Exercise:
Begin with the line below holding "Give a very brief answer. 43.9%-53.0%." and go on through the line holding "There's text embedded", duplicating each line exactly and leaving out pictures.

Collection entries
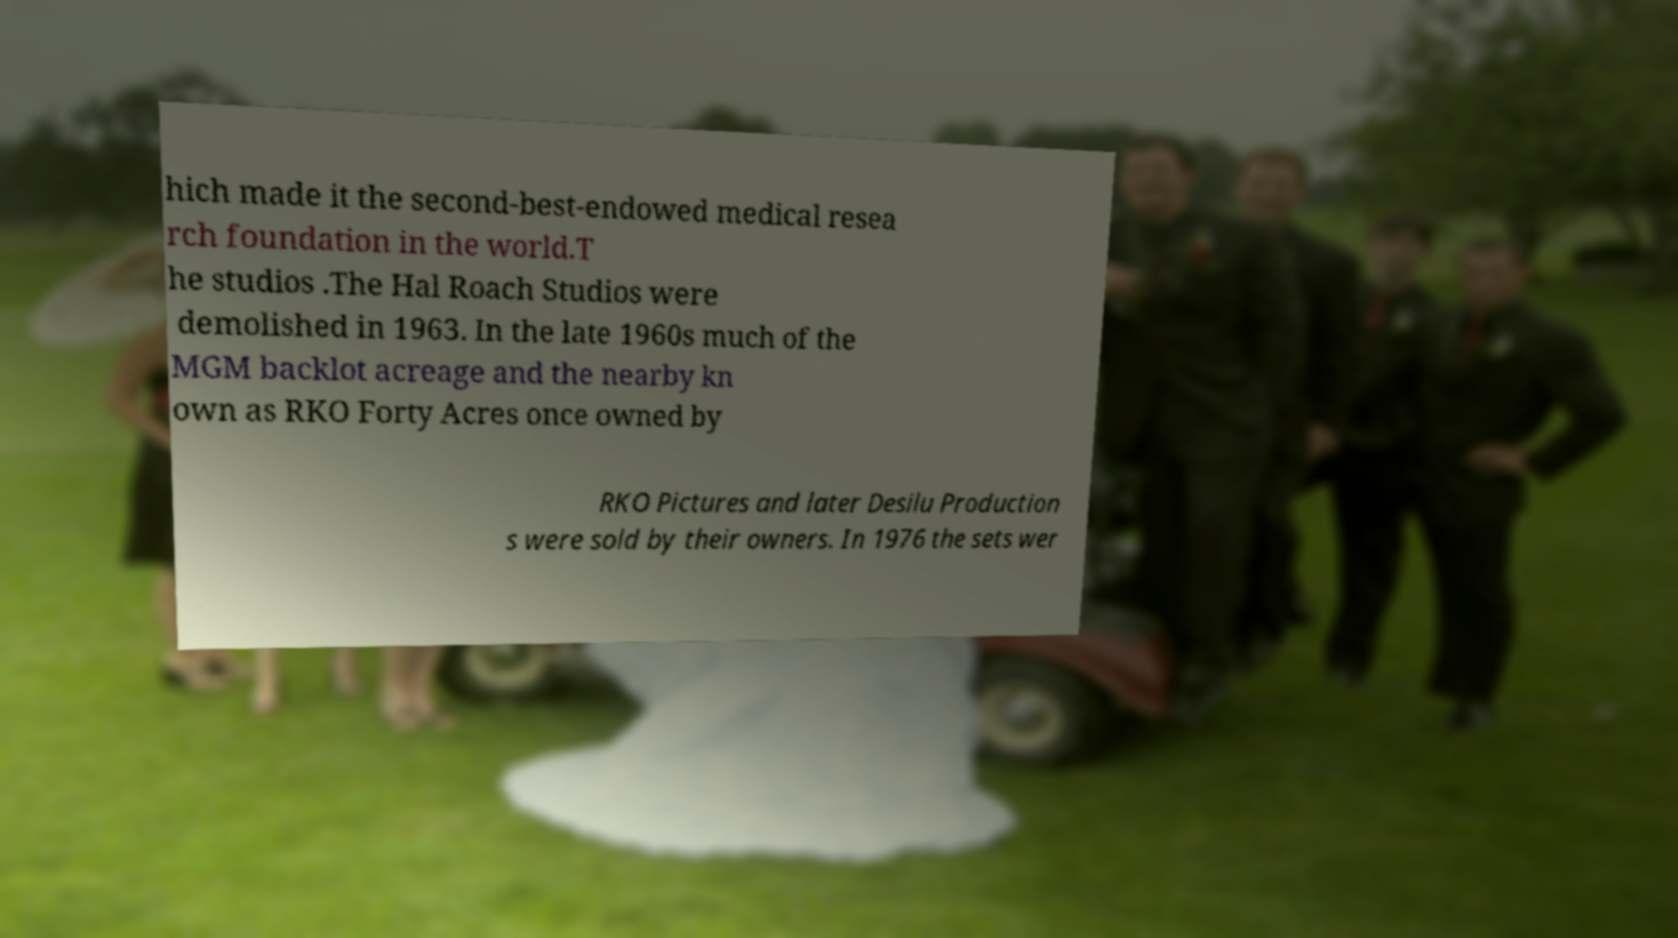Could you assist in decoding the text presented in this image and type it out clearly? hich made it the second-best-endowed medical resea rch foundation in the world.T he studios .The Hal Roach Studios were demolished in 1963. In the late 1960s much of the MGM backlot acreage and the nearby kn own as RKO Forty Acres once owned by RKO Pictures and later Desilu Production s were sold by their owners. In 1976 the sets wer 
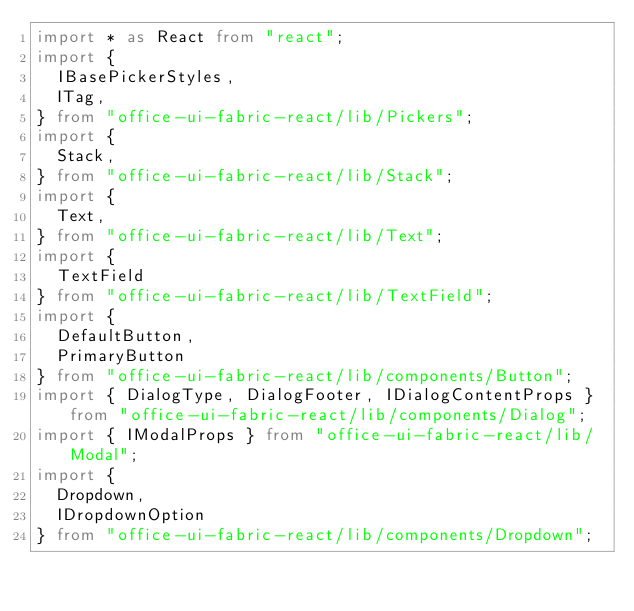Convert code to text. <code><loc_0><loc_0><loc_500><loc_500><_TypeScript_>import * as React from "react";
import {
  IBasePickerStyles,
  ITag,
} from "office-ui-fabric-react/lib/Pickers";
import {
  Stack,
} from "office-ui-fabric-react/lib/Stack";
import {
  Text,
} from "office-ui-fabric-react/lib/Text";
import {
  TextField
} from "office-ui-fabric-react/lib/TextField";
import {
  DefaultButton,
  PrimaryButton
} from "office-ui-fabric-react/lib/components/Button";
import { DialogType, DialogFooter, IDialogContentProps } from "office-ui-fabric-react/lib/components/Dialog";
import { IModalProps } from "office-ui-fabric-react/lib/Modal";
import {
  Dropdown,
  IDropdownOption
} from "office-ui-fabric-react/lib/components/Dropdown";</code> 
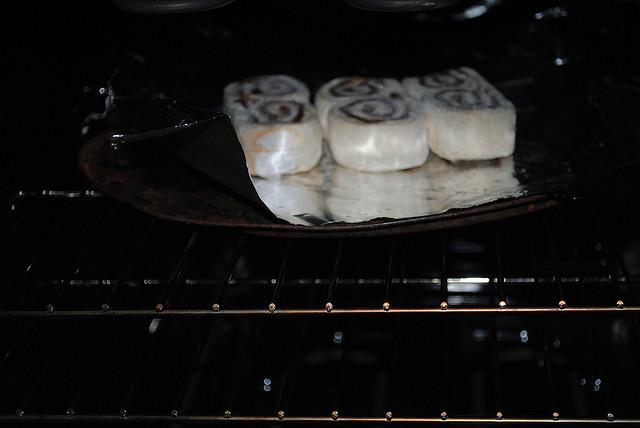Why are the cinnamon buns white?

Choices:
A) food coloring
B) ranch dressing
C) mayonnaise
D) icing icing 
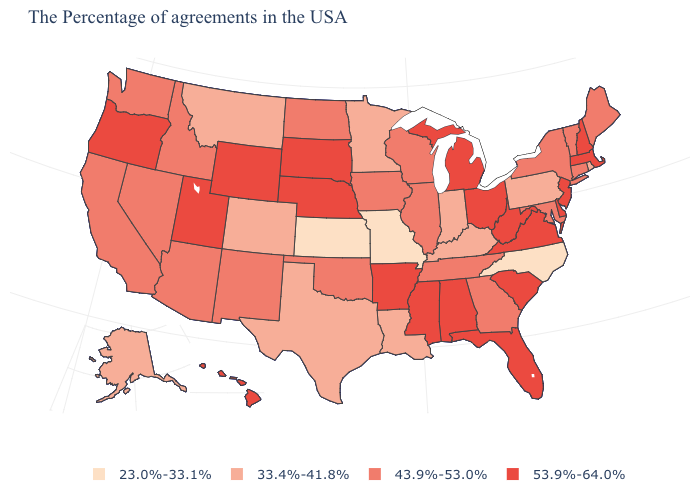What is the lowest value in states that border Wisconsin?
Give a very brief answer. 33.4%-41.8%. Among the states that border Nevada , does Arizona have the lowest value?
Answer briefly. Yes. Name the states that have a value in the range 33.4%-41.8%?
Short answer required. Rhode Island, Pennsylvania, Kentucky, Indiana, Louisiana, Minnesota, Texas, Colorado, Montana, Alaska. What is the value of Idaho?
Short answer required. 43.9%-53.0%. What is the value of Mississippi?
Give a very brief answer. 53.9%-64.0%. Among the states that border Wyoming , does Nebraska have the lowest value?
Give a very brief answer. No. Among the states that border Colorado , which have the highest value?
Keep it brief. Nebraska, Wyoming, Utah. What is the value of Georgia?
Short answer required. 43.9%-53.0%. Does Kansas have the lowest value in the USA?
Answer briefly. Yes. What is the highest value in states that border Oklahoma?
Write a very short answer. 53.9%-64.0%. What is the value of New York?
Give a very brief answer. 43.9%-53.0%. What is the lowest value in the USA?
Quick response, please. 23.0%-33.1%. What is the value of Massachusetts?
Keep it brief. 53.9%-64.0%. Which states have the lowest value in the USA?
Quick response, please. North Carolina, Missouri, Kansas. Which states have the lowest value in the USA?
Give a very brief answer. North Carolina, Missouri, Kansas. 
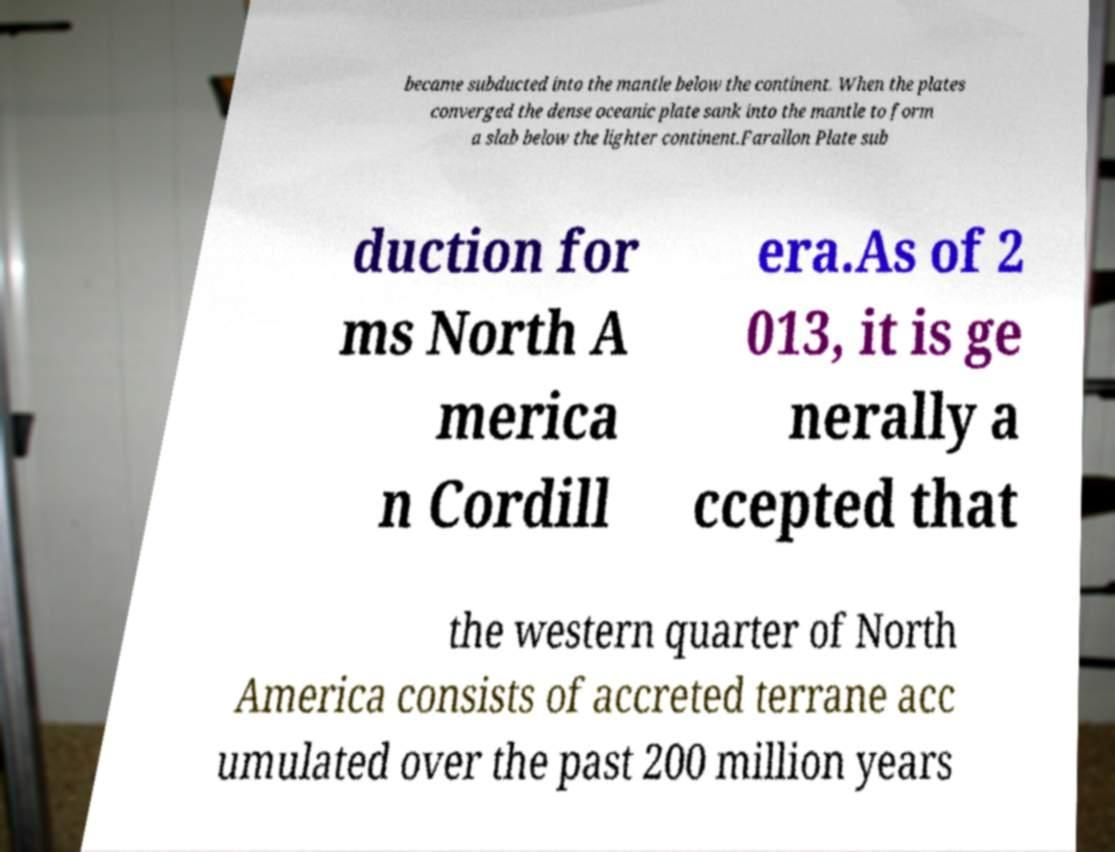There's text embedded in this image that I need extracted. Can you transcribe it verbatim? became subducted into the mantle below the continent. When the plates converged the dense oceanic plate sank into the mantle to form a slab below the lighter continent.Farallon Plate sub duction for ms North A merica n Cordill era.As of 2 013, it is ge nerally a ccepted that the western quarter of North America consists of accreted terrane acc umulated over the past 200 million years 
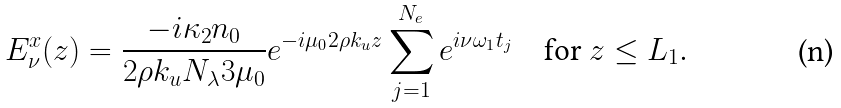<formula> <loc_0><loc_0><loc_500><loc_500>E _ { \nu } ^ { x } ( z ) & = \frac { - i \kappa _ { 2 } n _ { 0 } } { 2 \rho k _ { u } N _ { \lambda } 3 \mu _ { 0 } } e ^ { - i \mu _ { 0 } 2 \rho k _ { u } z } \sum ^ { N _ { e } } _ { j = 1 } e ^ { i \nu \omega _ { 1 } t _ { j } } \quad \text {for $z\leq L_{1}$.}</formula> 
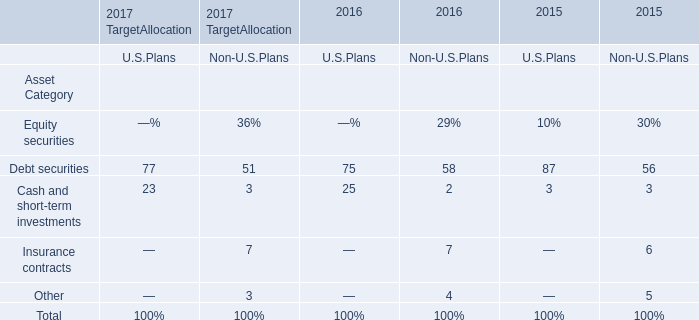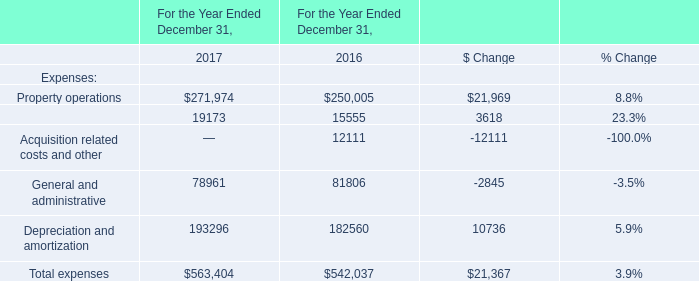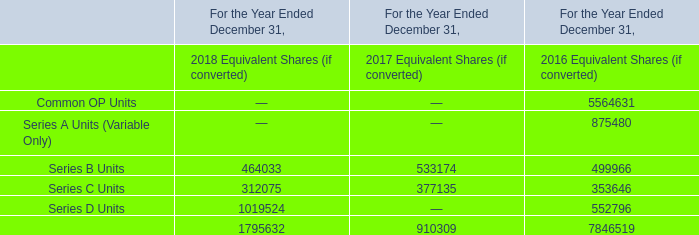What was the average value of the General and administrative and Depreciation and amortization in the years where Property operations is positive? 
Computations: ((78961 + 193296) / 2)
Answer: 136128.5.

Written solution:
Give a very brief answer. 43.9%-53.0%. What is the lowest value in the USA?
Quick response, please. 23.0%-33.1%. What is the value of Massachusetts?
Keep it brief. 53.9%-64.0%. Which states have the lowest value in the USA?
Quick response, please. North Carolina, Missouri, Kansas. Which states have the lowest value in the USA?
Give a very brief answer. North Carolina, Missouri, Kansas. 
There's text embedded in this image that I need extracted. Can you transcribe it verbatim? became subducted into the mantle below the continent. When the plates converged the dense oceanic plate sank into the mantle to form a slab below the lighter continent.Farallon Plate sub duction for ms North A merica n Cordill era.As of 2 013, it is ge nerally a ccepted that the western quarter of North America consists of accreted terrane acc umulated over the past 200 million years 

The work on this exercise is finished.